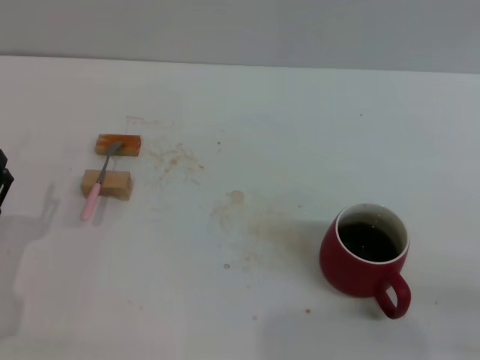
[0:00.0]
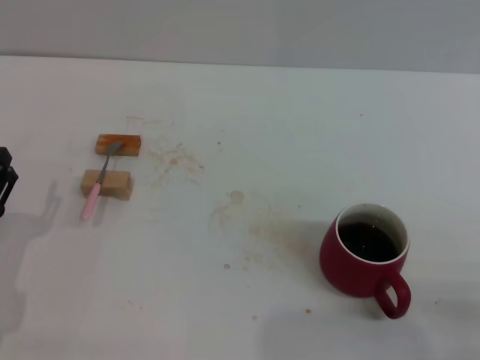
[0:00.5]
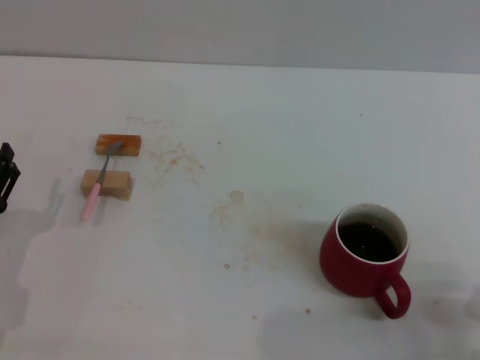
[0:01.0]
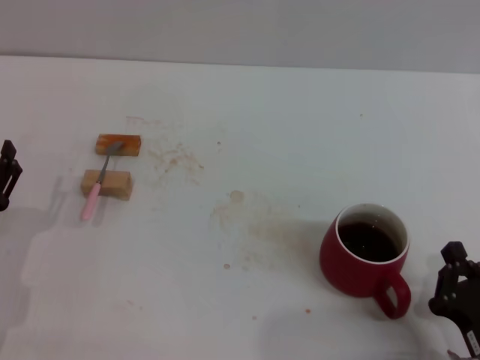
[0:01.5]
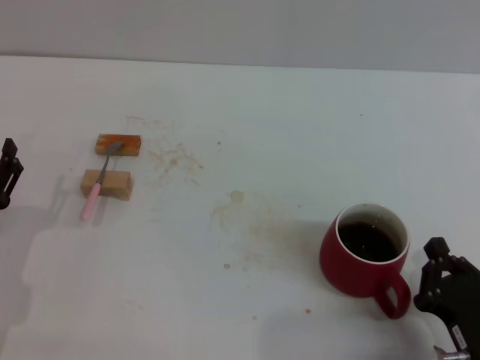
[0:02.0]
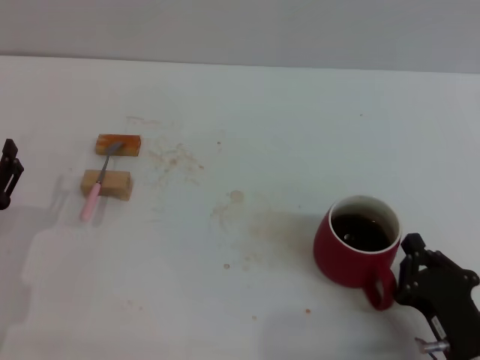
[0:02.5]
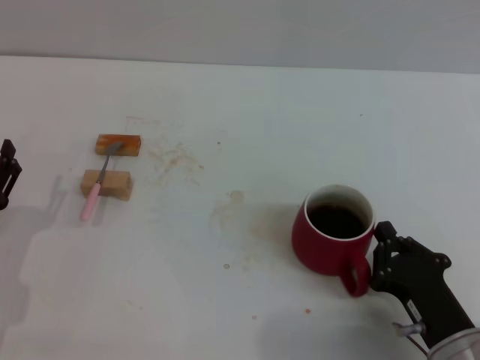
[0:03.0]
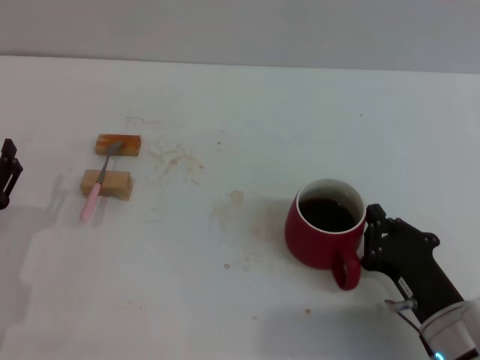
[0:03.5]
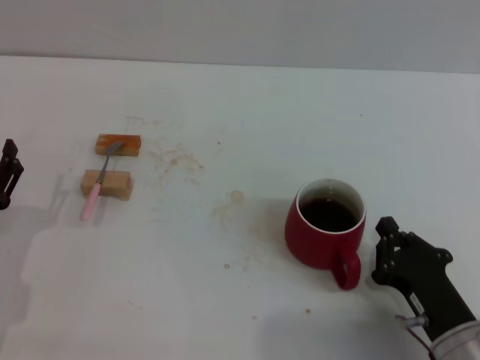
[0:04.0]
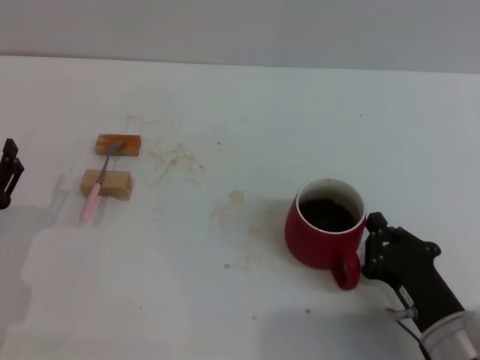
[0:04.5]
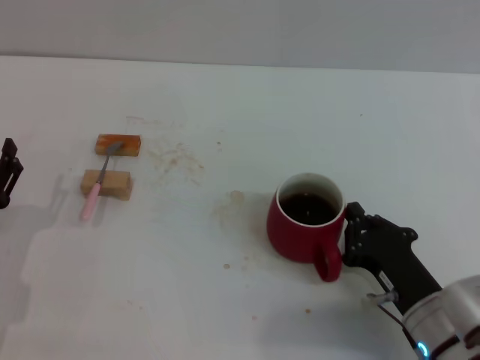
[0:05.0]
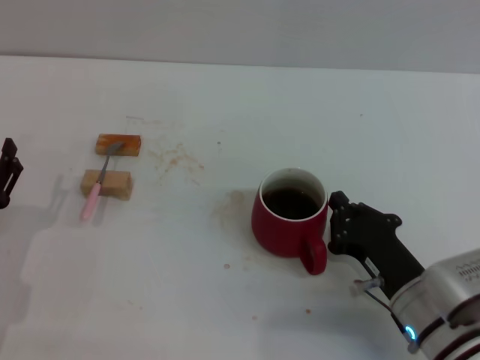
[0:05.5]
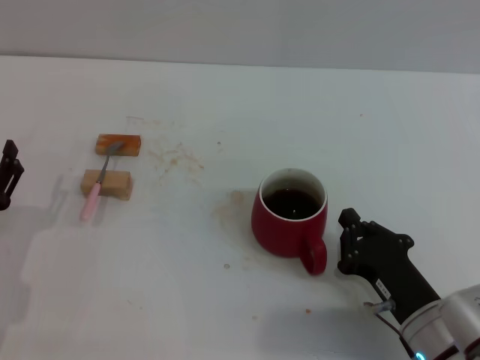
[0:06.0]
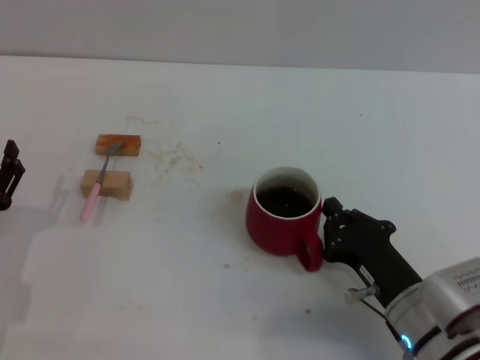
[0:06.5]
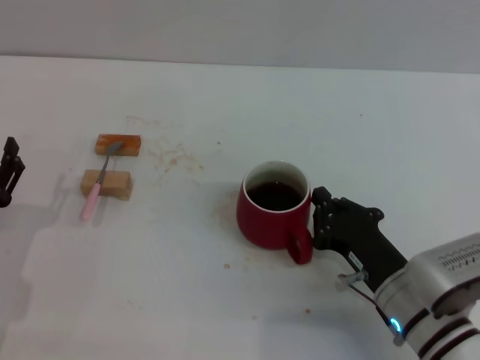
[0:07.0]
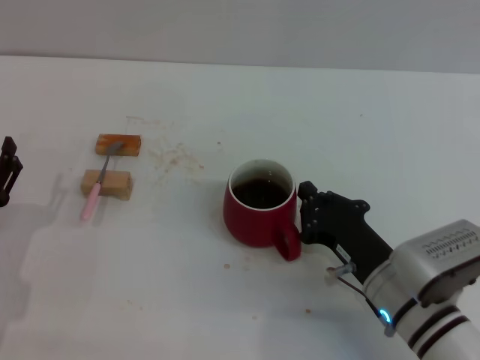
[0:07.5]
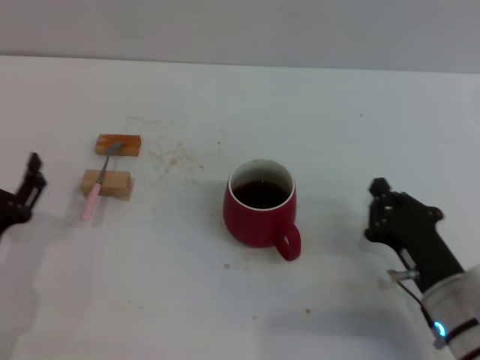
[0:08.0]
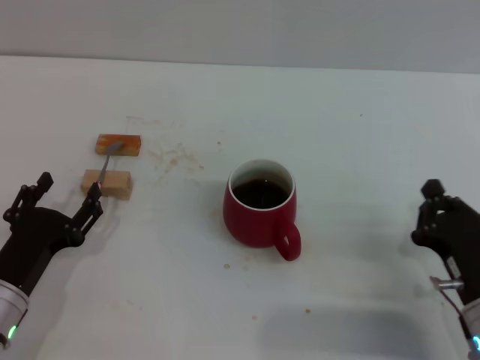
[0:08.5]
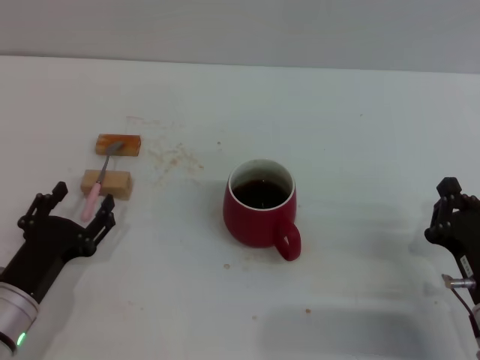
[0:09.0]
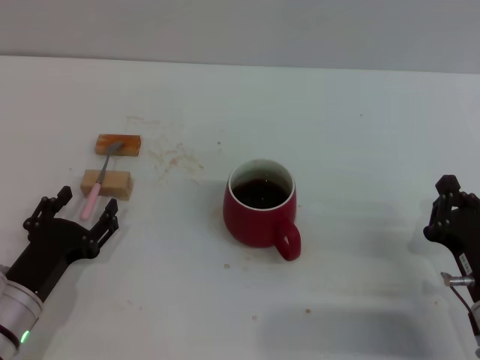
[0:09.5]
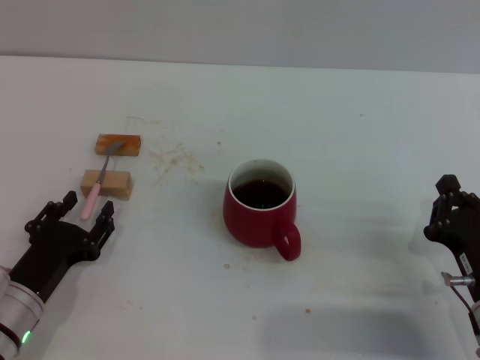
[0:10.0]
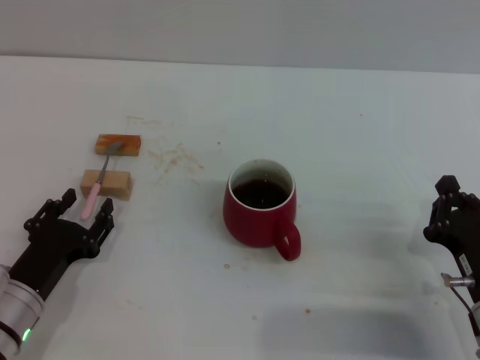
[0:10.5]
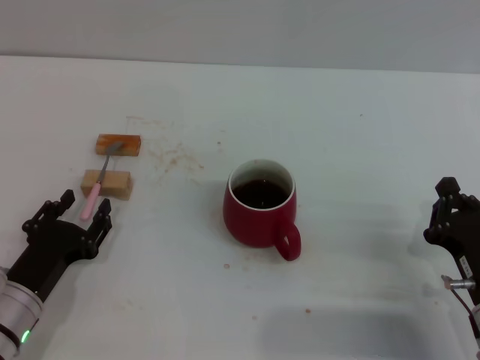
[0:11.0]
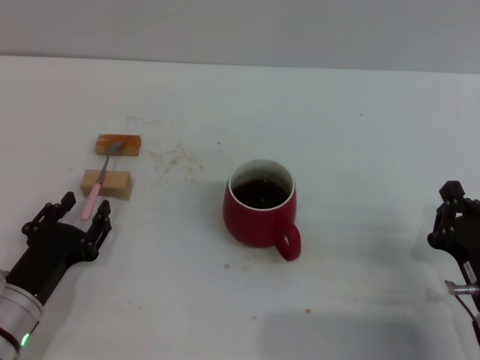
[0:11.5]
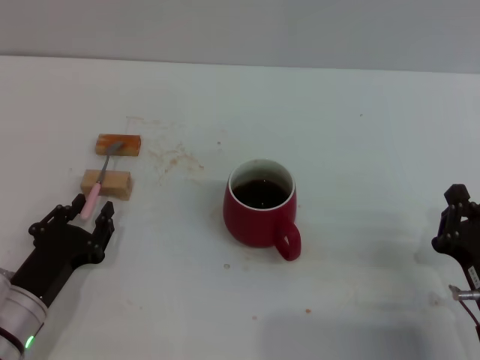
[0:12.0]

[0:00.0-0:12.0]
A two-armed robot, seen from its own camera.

__Work instruction__. The listing is to be reproduced in full and exactly, except that its pictures are to be dropped.

__Solution to the problem__.
[0:00.0]
[0:00.5]
[0:01.0]
[0:01.5]
[0:02.0]
[0:02.5]
[0:03.0]
[0:03.5]
[0:04.0]
[0:04.5]
[0:05.0]
[0:05.5]
[0:06.0]
[0:06.5]
[0:07.0]
[0:07.5]
[0:08.0]
[0:08.5]
[0:09.0]
[0:09.5]
[0:10.0]
[0:10.5]
[0:11.0]
[0:11.5]
[0:12.0]

[0:00.0-0:12.0]
A two-armed robot, seen from its own camera.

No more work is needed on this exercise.